2. The leakproof waste collection apparatus of claim 1, wherein: The hopper feeder (2) has a hollow hopper structure, and the bottom dimension of the hopper feeder (2) is consistent with the top dimension of the crushing component (3).
3. The leakproof waste collection apparatus of claim 1, wherein: The crushing assembly (3) includes a motor (301), and one end of the output shaft of the motor (301) is rotatably connected to a first gear (302).
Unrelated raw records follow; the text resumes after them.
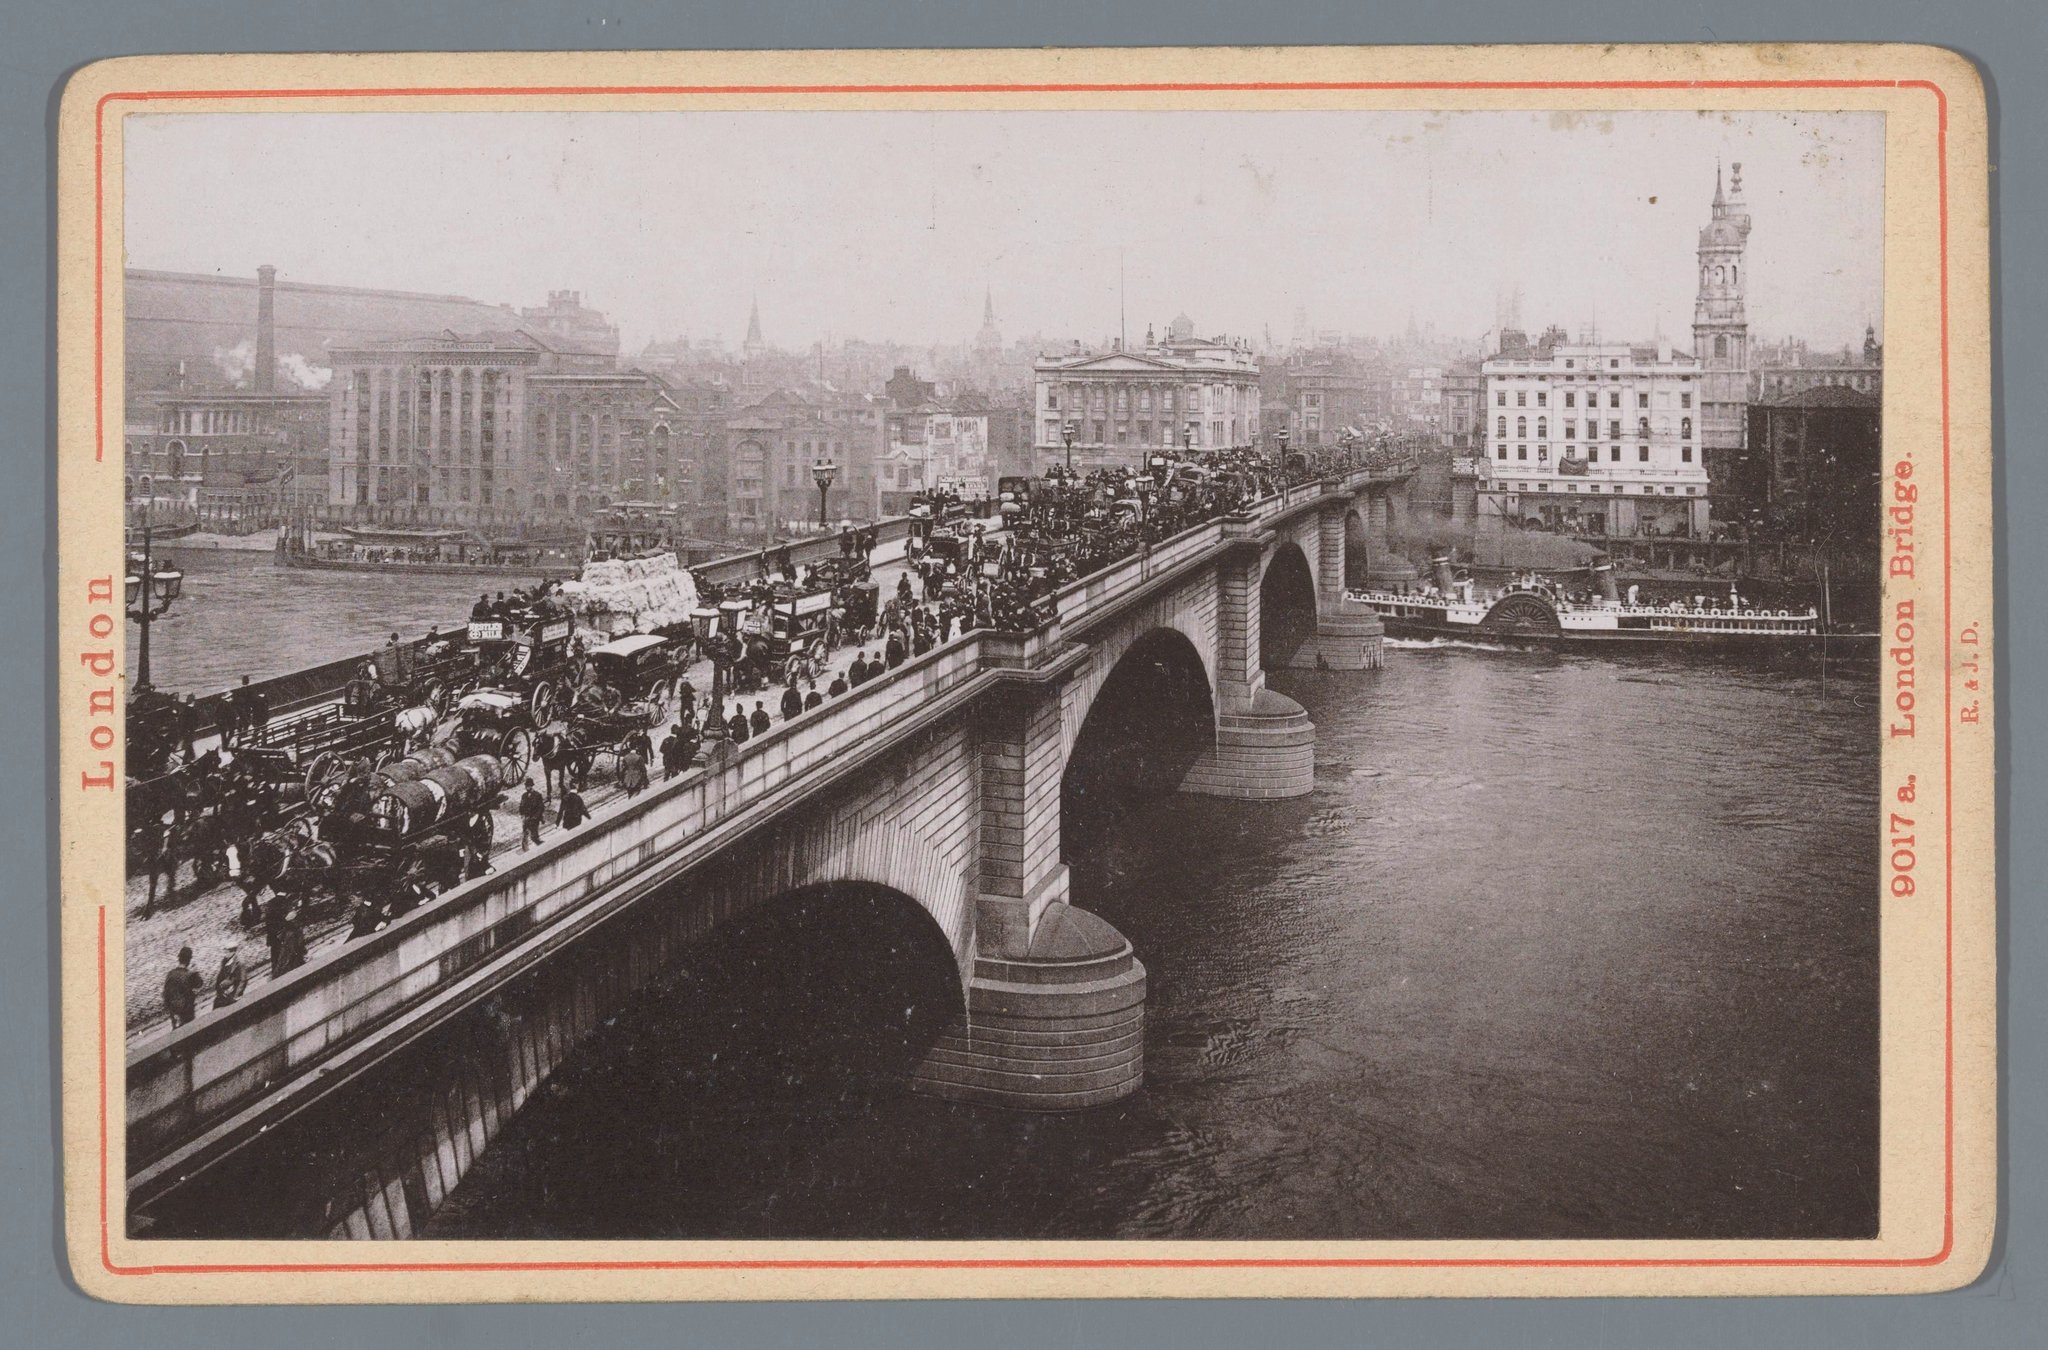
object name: photomechanical print
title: London
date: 1880-1900
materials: cardboard, paper
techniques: photograph
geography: tower bridge
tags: bridge in city across river, canal, etc.
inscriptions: date: ‘29 Septembre 1894’, number: ‘9017 a.’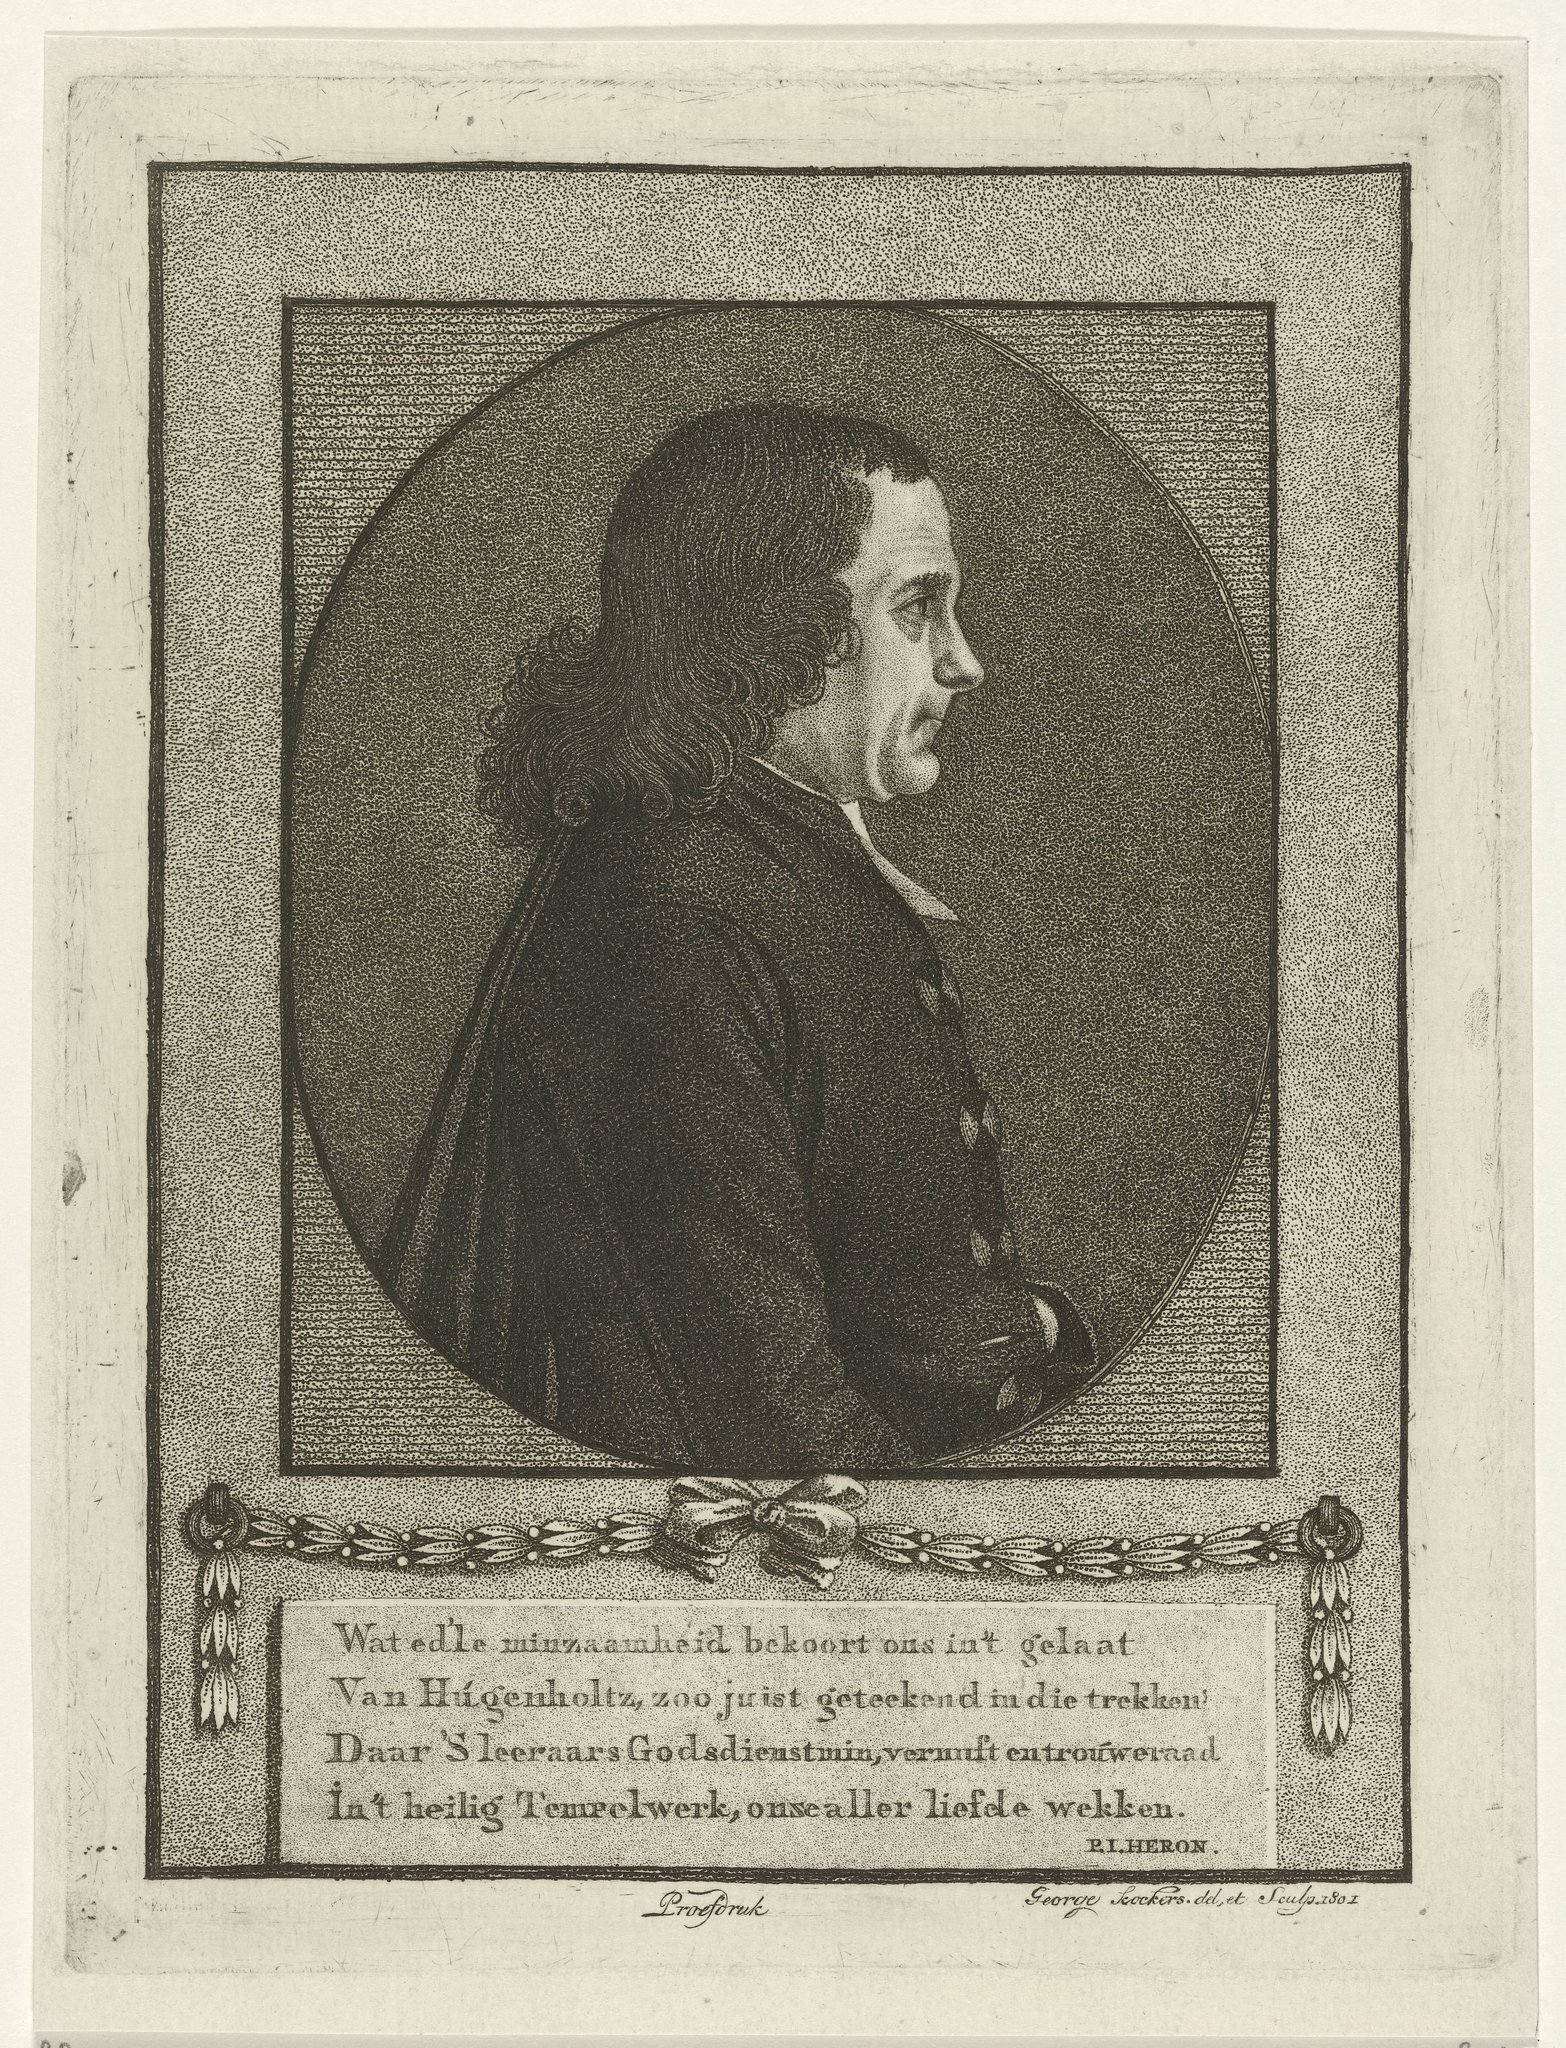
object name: print
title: Portret van Frederik Willem Hugenholtz
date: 1801
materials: paper
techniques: etching, engraving
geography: middelburg
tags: frederik willem hugenholtz
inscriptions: collector's mark: Lugt 2228
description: Portret ten halven lijve in profiel naar rechts van Frederik Willem Hugenholtz, predikant te Middelburg. Hugenholtz draagt een mantel en een bef en heeft zijn linkerhand in zijn bovenkleding gestoken. Onder het portret een vierregelig vers.

The outer wall of the first gear (302) is meshed with a second gear (303). The first gear (302) and the second gear (303) are both located on the outside of the crushing chamber (304). One end of the output shaft of the motor (301) passes through the outside of the crushing chamber (304) and is rotatably connected to a transmission roller (305). There are multiple transmission rollers (305). The multiple transmission rollers (305) are symmetrically distributed about the horizontal center line of the crushing chamber (304). One end of one transmission roller (305) is rotatably connected to a second gear (303). The outer wall of the multiple transmission rollers (305) is movably connected to crushing teeth (306). The crushing teeth (306) of the multiple transmission rollers (305) are alternately distributed.
4. The leakproof waste collection apparatus of claim 1, wherein: The screening assembly (5) includes a screening chamber (501), and the screening chamber (501) is provided with multiple sorting screens (502). Multiple screening outlets (503) are alternately provided on both sides of the screening chamber (501), and the screening outlets (503) are located on one side of the sorting screens (502). The bottom of the lowest sorting screen (502) is movably connected to a vibration motor (504), and multiple vibration isolation springs (505) are distributed in a ring around the outside of the vibration motor (504).
5. The leakproof waste collection apparatus of claim 4, wherein: The mesh size of the sorting sieve (502) gradually decreases from top to bottom.